Tar is a very handy tool for grouping files together into a single bundle. Despite its roots as a tape archiving tool, it is almost ubiquitously used for achieving files on machines without a tape drive.

Tar can be combined with ssh to backup files across a network. The commands below show a few ways of doing this. The first command will create a tar file of the directory dir on the remote machine bkMachine. The username bob is provided for the ssh login, and the path and filename of the resulting remote tar file is specified by the of switch of the dd command.

> tar -cf - dir | ssh bob@bkMachine "dd of=/some/where/dir.tar"

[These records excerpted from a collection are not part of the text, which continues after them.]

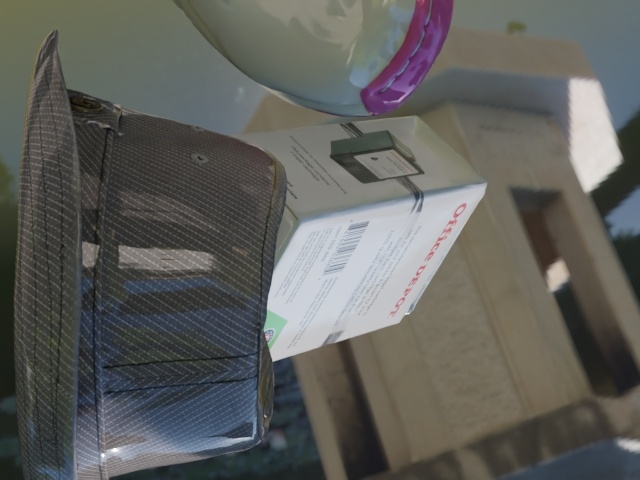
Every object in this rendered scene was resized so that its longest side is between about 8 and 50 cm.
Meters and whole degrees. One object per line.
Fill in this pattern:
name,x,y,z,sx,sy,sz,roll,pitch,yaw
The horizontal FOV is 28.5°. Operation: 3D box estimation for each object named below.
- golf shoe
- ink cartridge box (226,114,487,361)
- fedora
golf shoe,-0.063,-0.156,0.573,0.140,0.306,0.115,12,116,-44
ink cartridge box,0.000,0.000,1.241,0.289,0.121,0.211,-11,140,-48
fedora,-0.082,0.018,0.630,0.124,0.243,0.275,0,-167,-9

This second command will instead of just creating a tar file, recreate the directory at the remote end.

> tar -cf - dir | ssh bob@bkMachine "tar -C /some/where -xf -"

It is also possible to compress the data sent over the network. This following command uses the -z flag of the tar command to use compression. Note that -z has to be included in both the creating tar command and the extracting tar command.

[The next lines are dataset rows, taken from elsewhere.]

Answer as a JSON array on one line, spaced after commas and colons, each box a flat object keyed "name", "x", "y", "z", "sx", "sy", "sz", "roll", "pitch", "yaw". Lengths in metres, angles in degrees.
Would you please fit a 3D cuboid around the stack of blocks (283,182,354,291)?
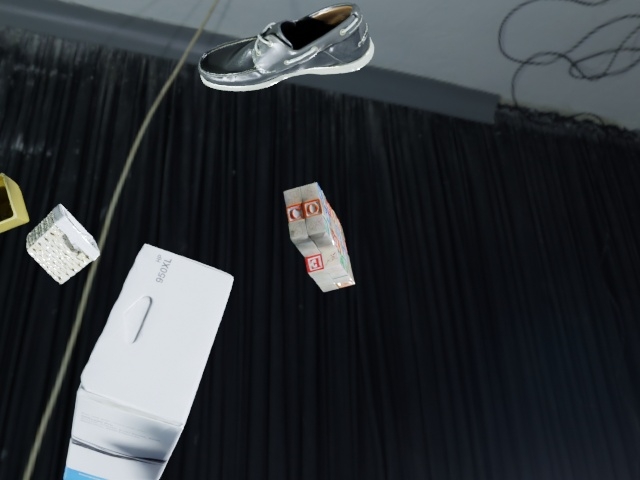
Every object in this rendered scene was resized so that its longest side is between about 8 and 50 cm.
[{"name": "stack of blocks", "x": 0.000, "y": 0.000, "z": 1.813, "sx": 0.087, "sy": 0.171, "sz": 0.297, "roll": -15, "pitch": 157, "yaw": 8}]

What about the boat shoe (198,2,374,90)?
[{"name": "boat shoe", "x": -0.053, "y": -0.252, "z": 0.935, "sx": 0.233, "sy": 0.084, "sz": 0.079, "roll": -7, "pitch": 151, "yaw": 14}]

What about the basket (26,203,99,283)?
[{"name": "basket", "x": -0.542, "y": 0.007, "z": 1.524, "sx": 0.103, "sy": 0.167, "sz": 0.113, "roll": -42, "pitch": 113, "yaw": -9}]

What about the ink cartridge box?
[{"name": "ink cartridge box", "x": -0.300, "y": 0.241, "z": 1.245, "sx": 0.166, "sy": 0.285, "sz": 0.395, "roll": 20, "pitch": 141, "yaw": -8}]

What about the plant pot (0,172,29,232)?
[{"name": "plant pot", "x": -0.535, "y": -0.053, "z": 1.221, "sx": 0.081, "sy": 0.081, "sz": 0.083, "roll": -21, "pitch": 169, "yaw": 3}]

> tar -zcf - dir | ssh bob@bkMachine "tar -C /some/where -zxf -"

Faster compression and data transfer is possible by using different compression tools and settings. This article on comparing compressions tools gives various ways of speeding up network backups and is worth a read. WARNING: lzop seems to have problems with large files.

Using `rsync` for a Network Backup

rsync is an exceptionally handy tool for backing up files over a network. Its project web page gives a full description of what it can be used for. Below is just one way in which it can be used.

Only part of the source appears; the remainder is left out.